- **Required action**
Across the data below, in how many lines does the word "This" appear? Give only the number.

[Records from a data source]
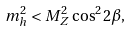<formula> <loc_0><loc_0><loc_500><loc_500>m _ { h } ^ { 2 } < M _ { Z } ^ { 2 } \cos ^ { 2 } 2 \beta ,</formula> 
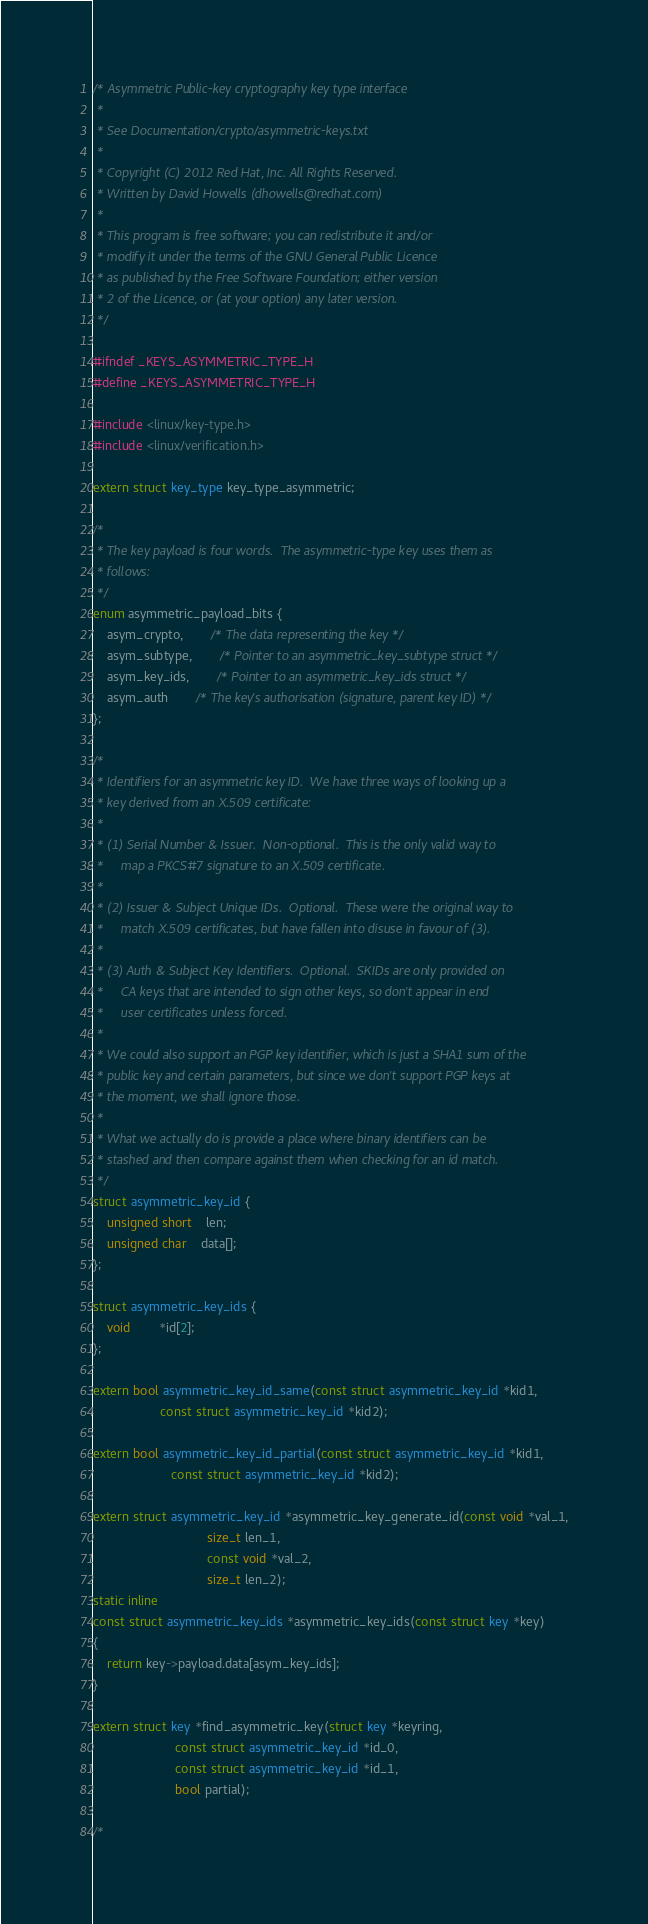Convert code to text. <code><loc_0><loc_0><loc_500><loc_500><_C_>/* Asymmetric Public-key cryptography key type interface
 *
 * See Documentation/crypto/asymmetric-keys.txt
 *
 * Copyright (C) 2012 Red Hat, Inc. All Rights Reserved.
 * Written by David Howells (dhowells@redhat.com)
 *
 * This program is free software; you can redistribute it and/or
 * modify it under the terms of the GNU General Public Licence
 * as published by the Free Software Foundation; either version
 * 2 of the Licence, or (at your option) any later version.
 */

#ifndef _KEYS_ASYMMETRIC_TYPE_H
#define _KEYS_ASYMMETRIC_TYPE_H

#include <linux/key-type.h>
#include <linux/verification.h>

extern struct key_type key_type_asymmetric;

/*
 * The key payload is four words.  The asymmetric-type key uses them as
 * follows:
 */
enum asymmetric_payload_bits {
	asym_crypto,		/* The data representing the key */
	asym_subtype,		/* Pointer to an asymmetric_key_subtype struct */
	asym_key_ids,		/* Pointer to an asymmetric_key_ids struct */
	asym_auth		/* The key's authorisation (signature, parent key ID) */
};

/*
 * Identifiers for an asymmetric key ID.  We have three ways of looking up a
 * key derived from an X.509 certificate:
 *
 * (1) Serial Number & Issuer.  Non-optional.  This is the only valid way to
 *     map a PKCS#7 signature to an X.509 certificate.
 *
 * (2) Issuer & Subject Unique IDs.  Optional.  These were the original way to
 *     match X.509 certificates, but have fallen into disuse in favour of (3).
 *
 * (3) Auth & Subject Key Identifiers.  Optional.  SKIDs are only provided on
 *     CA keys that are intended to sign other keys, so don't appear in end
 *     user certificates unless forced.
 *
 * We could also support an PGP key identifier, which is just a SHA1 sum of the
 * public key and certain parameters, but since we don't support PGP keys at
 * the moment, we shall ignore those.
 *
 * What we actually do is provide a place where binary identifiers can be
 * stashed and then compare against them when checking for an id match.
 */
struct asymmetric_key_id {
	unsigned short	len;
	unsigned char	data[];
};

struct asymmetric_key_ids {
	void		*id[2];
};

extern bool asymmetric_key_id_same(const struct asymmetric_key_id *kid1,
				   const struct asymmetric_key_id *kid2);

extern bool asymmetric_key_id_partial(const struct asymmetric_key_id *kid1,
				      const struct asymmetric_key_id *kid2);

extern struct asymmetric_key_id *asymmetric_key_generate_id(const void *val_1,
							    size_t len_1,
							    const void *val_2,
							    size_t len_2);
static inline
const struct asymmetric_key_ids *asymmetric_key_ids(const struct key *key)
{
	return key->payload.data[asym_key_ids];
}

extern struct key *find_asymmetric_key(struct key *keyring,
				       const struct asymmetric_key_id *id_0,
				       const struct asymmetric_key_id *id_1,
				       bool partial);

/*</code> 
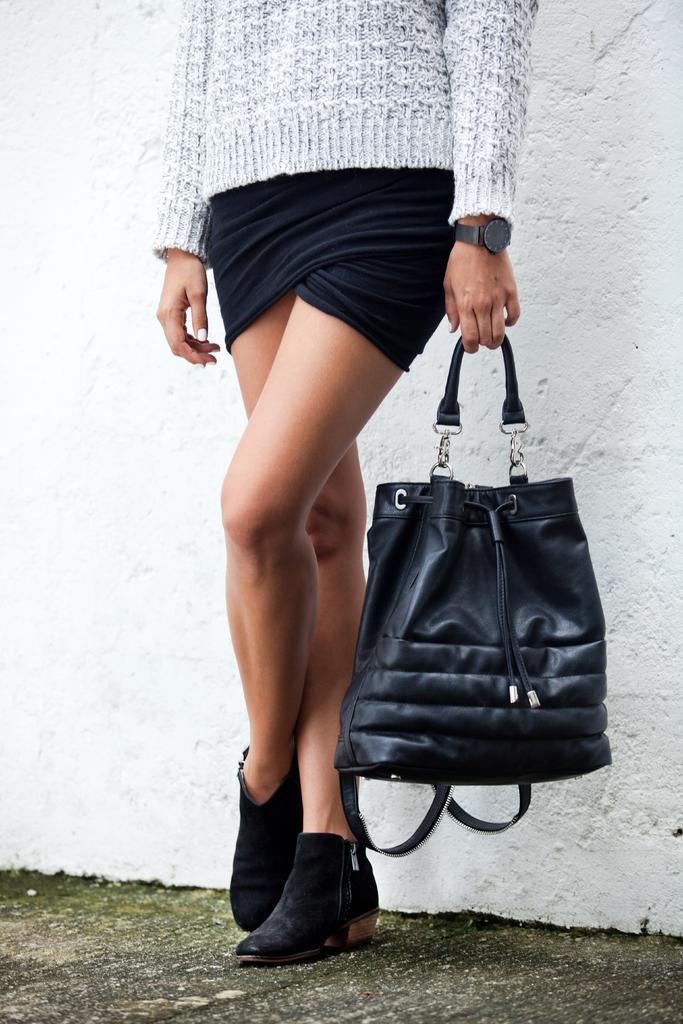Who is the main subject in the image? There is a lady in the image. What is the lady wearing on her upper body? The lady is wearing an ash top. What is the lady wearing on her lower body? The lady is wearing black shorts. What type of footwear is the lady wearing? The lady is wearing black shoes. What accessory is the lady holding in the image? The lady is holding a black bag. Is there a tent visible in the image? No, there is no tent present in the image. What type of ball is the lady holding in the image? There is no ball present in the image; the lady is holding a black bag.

- **Exercise solution**
2